= Exercise directions =
Search the records for "object" and copy each line that holds it.

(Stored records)
[Start of section]

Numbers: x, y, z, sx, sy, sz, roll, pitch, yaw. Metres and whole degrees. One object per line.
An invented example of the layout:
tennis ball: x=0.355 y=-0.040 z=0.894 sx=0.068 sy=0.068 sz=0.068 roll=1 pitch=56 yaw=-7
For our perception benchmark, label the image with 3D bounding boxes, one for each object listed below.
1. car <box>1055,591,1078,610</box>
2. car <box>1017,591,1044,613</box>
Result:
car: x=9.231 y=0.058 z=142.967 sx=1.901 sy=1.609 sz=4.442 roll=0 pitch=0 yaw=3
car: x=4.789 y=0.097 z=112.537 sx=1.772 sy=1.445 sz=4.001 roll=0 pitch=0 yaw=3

[End of section]

= Output of the exercise =
Numbers: x, y, z, sx, sy, sz, roll, pitch, yaw. Metres and whole degrees. One object per line.
For our perception benchmark, label the image with 3D bounding boxes, one for each object listed below.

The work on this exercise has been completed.